━━━ Records to process ━━━

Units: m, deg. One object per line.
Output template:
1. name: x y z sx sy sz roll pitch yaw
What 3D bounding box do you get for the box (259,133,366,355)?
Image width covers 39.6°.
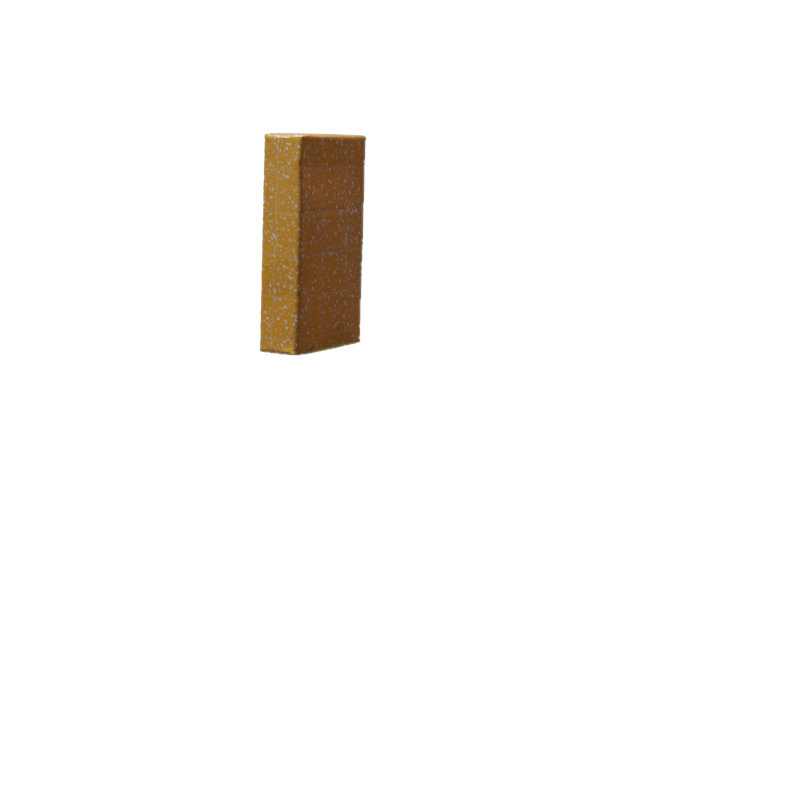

━━━

§ Task instructions: All of the entries above should be retyped exactly, with the pictures left out.

§ Your response:
Units: m, deg. One object per line.
Output template:
1. name: x y z sx sy sz roll pitch yaw
What 3D bounding box do you get for the box (259,133,366,355)?
Image width covers 39.6°.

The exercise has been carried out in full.